Buena Vista was named in about 1850 by Reason B. Hall, who settled on a Donation Land Claim there in 1847. Some of Hall's relatives had participated in the Battle of Buena Vista during the Mexican–American War. About the same time he named the community, Hall also started Halls Ferry across the Willamette. The ferry later became known as the Buena Vista Ferry, which is still in operation today. Later one of Hall's sons, B.F. Hall, operated another Halls Ferry north of Independence.

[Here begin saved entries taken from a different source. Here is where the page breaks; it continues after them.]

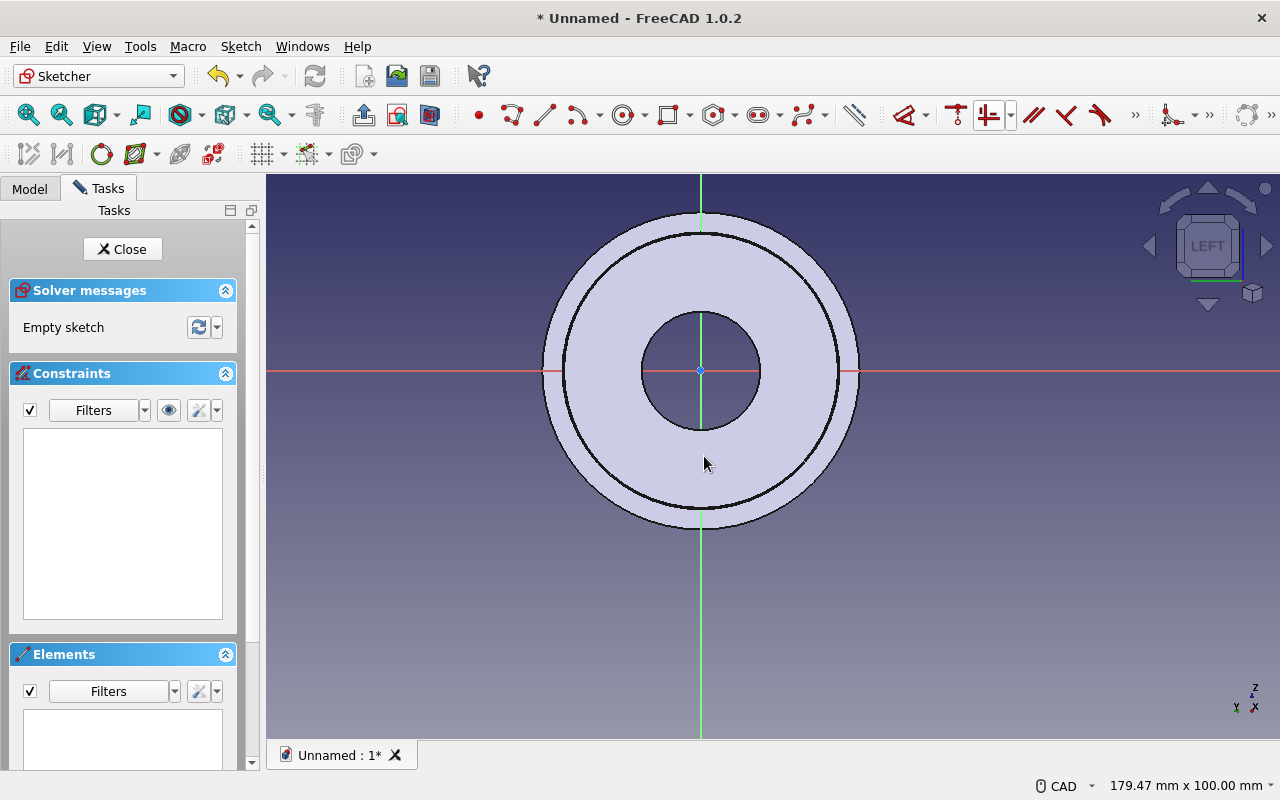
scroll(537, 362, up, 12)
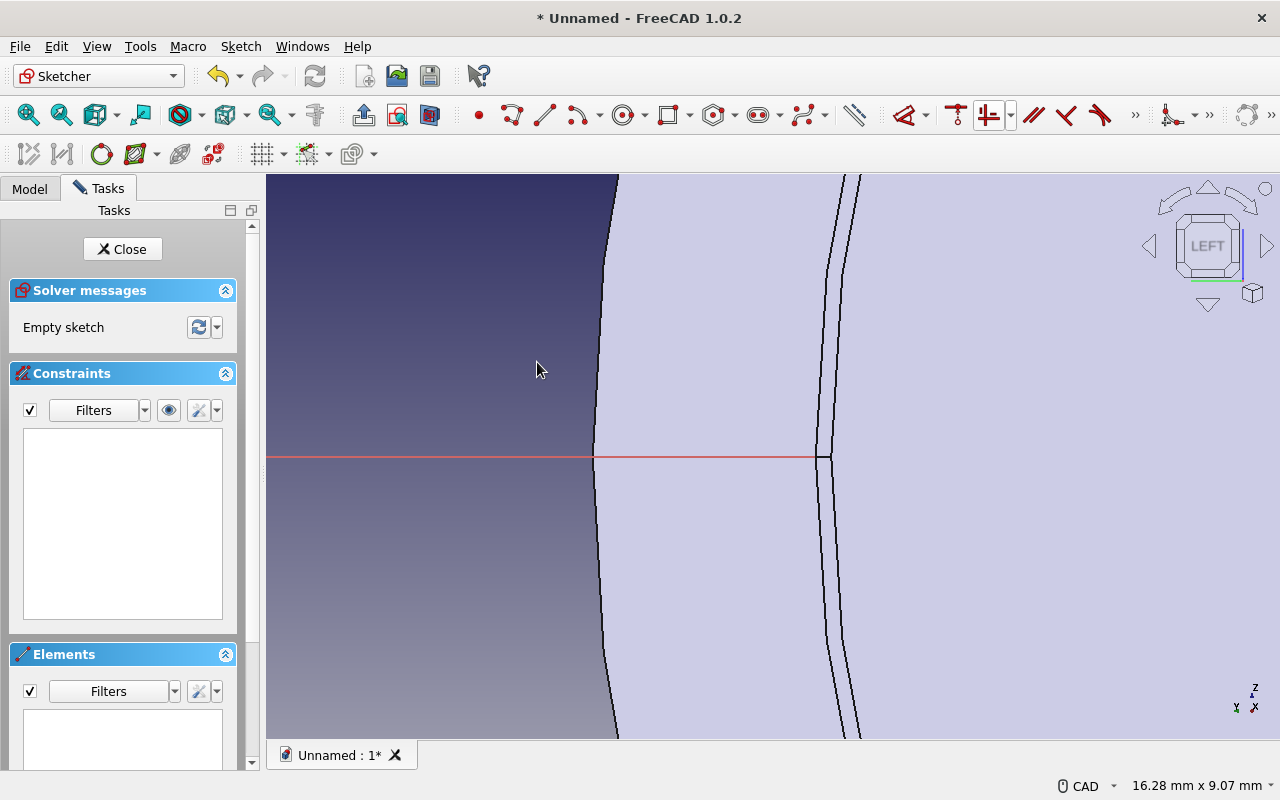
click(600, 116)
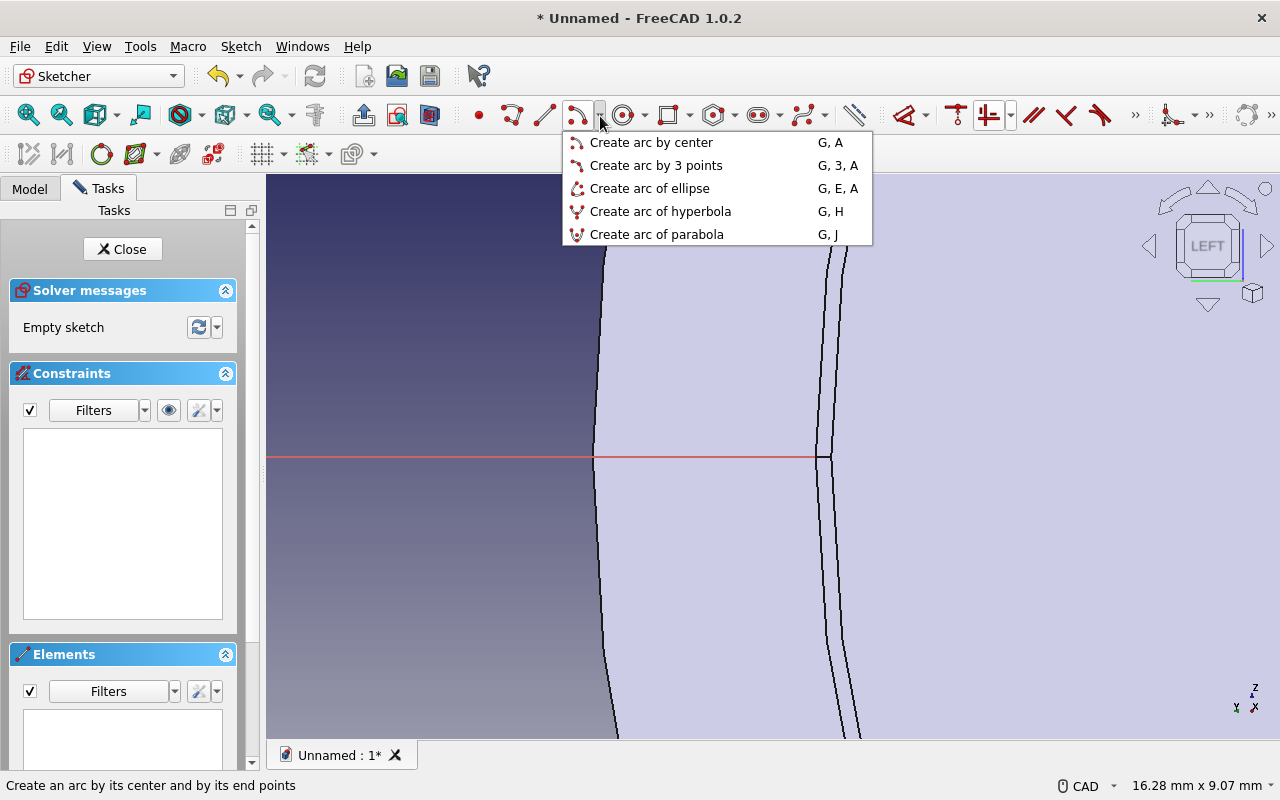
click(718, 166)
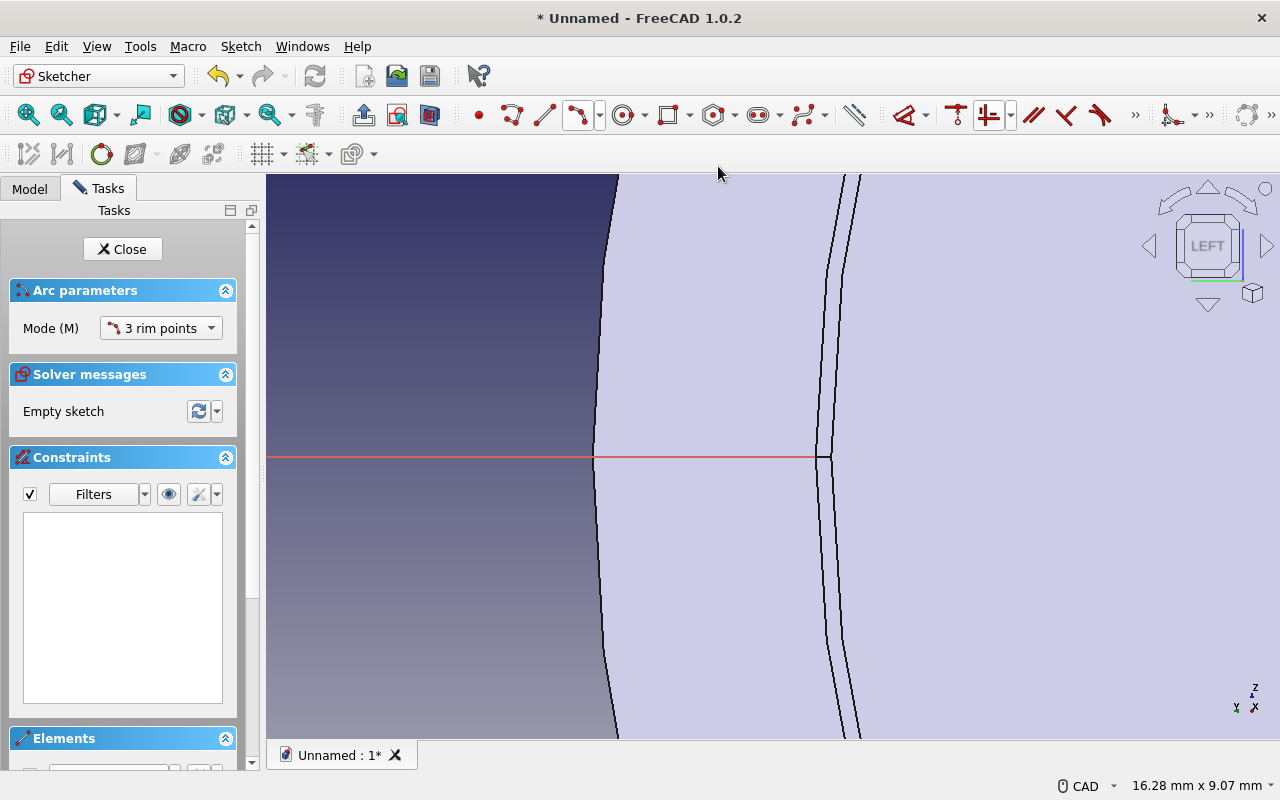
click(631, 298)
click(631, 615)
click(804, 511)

Buena Vista was once the home of the Oregon Pottery Company, which shipped its wares all over Oregon via the Willamette River. One of the earliest settlements in Oregon, it once had a much greater population because of the pottery industry, as well as being an important hops-growing area. Buena Vista had saloons, a hotel, a school, a church, an I.O.O.F. hall and a store. The town later went into decline, especially because the railroad bypassed Buena Vista and instead was routed through Independence. Today, most of the principal buildings are gone and the community is considered a ghost town by authors of ghost town guidebooks, although local residents tend to disagree. Buena Vista formerly had a post office by the same name, which existed from 1866 to 1935. At the top of a steep hill to the north of town the Buena Vista cemetery includes graves dating back to the 1800s.

The Buena Vista Store burned to the ground around 1970 and the I.O.O.F hall burned to the ground in the mid-1990s. The Buena Vista Methodist Church was moved from its original location on a hill to the west of town into the center of town and celebrated its 100th anniversary in 1968, and was eventually razed and replaced by a new building. The Buena Vista Park, which is a Polk County park, was built around 1970 and includes a boat launch ramp; the purpose was to prevent locals from using the ferry landing as a boat launch. The Buena Vista schoolhouse was a large two-room building that in 1972 was renovated and became the home of Johnny Craviotto, founder of the Craviotto drums company.

Buena Vista means "good view" or "beautiful view" in Spanish, and is pronounced "byoona vista" locally; many residents refer to the town as just "byoonee".